* _What the task asks_:
Check every line of the entries below for "professionele", and copy the lines that have it.

* _Information given_:

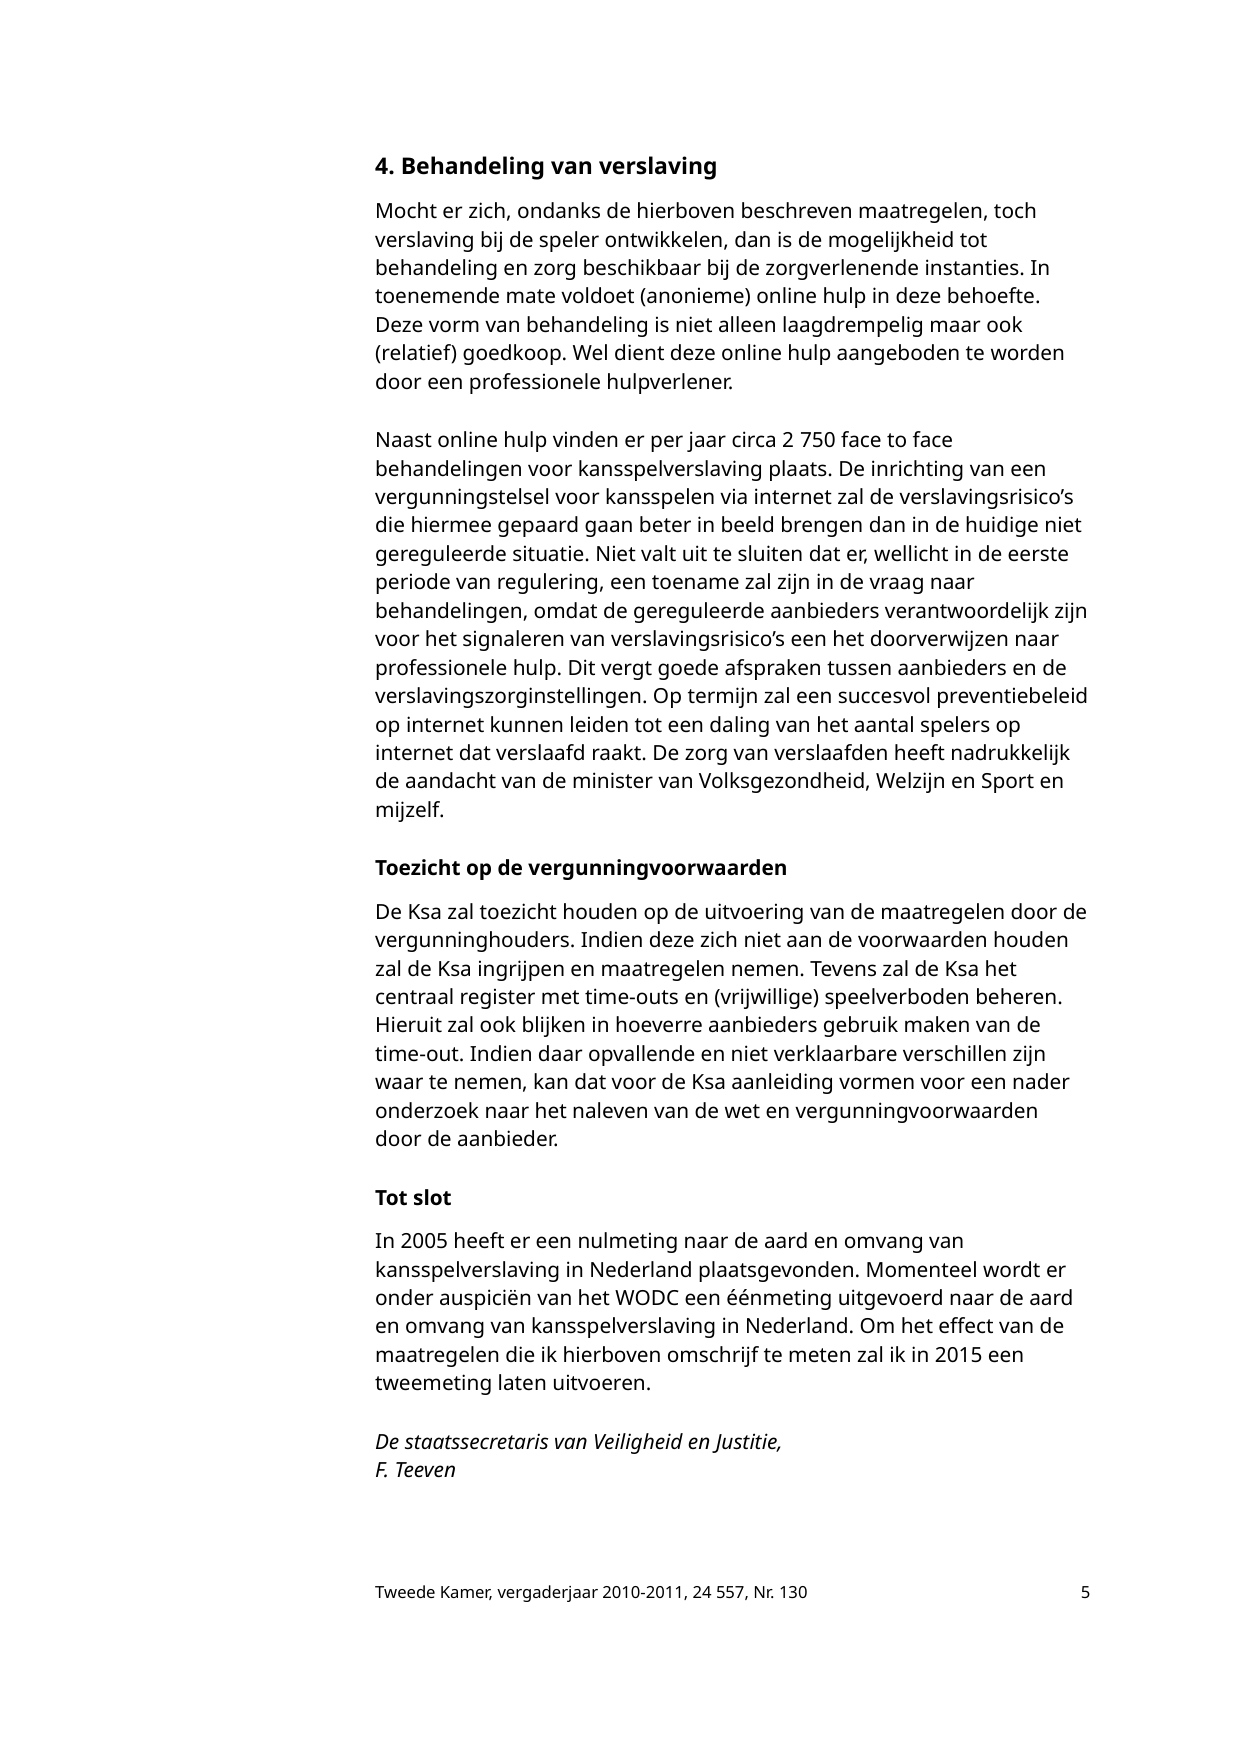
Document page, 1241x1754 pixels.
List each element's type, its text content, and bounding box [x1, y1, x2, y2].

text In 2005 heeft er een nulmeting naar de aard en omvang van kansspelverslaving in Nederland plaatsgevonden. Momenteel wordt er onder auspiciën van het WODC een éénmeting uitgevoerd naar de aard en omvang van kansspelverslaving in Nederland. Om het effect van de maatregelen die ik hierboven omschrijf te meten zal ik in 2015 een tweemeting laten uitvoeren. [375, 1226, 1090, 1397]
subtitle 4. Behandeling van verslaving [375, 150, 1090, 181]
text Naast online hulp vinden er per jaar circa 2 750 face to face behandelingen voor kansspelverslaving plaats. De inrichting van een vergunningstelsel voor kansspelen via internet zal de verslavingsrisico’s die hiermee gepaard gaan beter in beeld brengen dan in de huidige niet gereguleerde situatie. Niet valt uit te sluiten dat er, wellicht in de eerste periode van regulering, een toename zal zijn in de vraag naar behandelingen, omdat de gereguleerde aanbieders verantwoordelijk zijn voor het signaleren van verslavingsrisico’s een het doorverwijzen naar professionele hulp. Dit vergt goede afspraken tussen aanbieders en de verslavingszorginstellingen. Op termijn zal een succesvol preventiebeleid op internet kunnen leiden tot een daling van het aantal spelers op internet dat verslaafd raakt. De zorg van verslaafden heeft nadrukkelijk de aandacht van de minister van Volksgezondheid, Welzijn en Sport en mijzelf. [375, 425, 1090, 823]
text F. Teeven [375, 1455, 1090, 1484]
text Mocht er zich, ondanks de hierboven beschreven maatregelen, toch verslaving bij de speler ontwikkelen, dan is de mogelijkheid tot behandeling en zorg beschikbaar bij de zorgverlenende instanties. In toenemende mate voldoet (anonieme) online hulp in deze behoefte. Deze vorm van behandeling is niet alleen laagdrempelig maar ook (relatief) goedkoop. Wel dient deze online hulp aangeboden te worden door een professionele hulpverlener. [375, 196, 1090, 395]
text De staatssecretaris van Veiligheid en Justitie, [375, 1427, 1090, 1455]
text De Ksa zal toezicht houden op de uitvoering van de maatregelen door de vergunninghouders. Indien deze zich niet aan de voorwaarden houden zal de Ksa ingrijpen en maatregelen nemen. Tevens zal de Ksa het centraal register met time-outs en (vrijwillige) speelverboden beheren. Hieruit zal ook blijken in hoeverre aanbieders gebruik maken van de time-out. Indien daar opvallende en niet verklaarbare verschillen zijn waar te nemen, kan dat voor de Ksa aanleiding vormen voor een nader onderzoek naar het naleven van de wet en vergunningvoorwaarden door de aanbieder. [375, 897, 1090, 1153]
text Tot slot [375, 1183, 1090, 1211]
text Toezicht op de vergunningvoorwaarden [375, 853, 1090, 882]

* _Result of the exercise_:
text Naast online hulp vinden er per jaar circa 2 750 face to face behandelingen voor kansspelverslaving plaats. De inrichting van een vergunningstelsel voor kansspelen via internet zal de verslavingsrisico’s die hiermee gepaard gaan beter in beeld brengen dan in de huidige niet gereguleerde situatie. Niet valt uit te sluiten dat er, wellicht in de eerste periode van regulering, een toename zal zijn in de vraag naar behandelingen, omdat de gereguleerde aanbieders verantwoordelijk zijn voor het signaleren van verslavingsrisico’s een het doorverwijzen naar professionele hulp. Dit vergt goede afspraken tussen aanbieders en de verslavingszorginstellingen. Op termijn zal een succesvol preventiebeleid op internet kunnen leiden tot een daling van het aantal spelers op internet dat verslaafd raakt. De zorg van verslaafden heeft nadrukkelijk de aandacht van de minister van Volksgezondheid, Welzijn en Sport en mijzelf. [375, 425, 1090, 823]
text Mocht er zich, ondanks de hierboven beschreven maatregelen, toch verslaving bij de speler ontwikkelen, dan is de mogelijkheid tot behandeling en zorg beschikbaar bij de zorgverlenende instanties. In toenemende mate voldoet (anonieme) online hulp in deze behoefte. Deze vorm van behandeling is niet alleen laagdrempelig maar ook (relatief) goedkoop. Wel dient deze online hulp aangeboden te worden door een professionele hulpverlener. [375, 196, 1090, 395]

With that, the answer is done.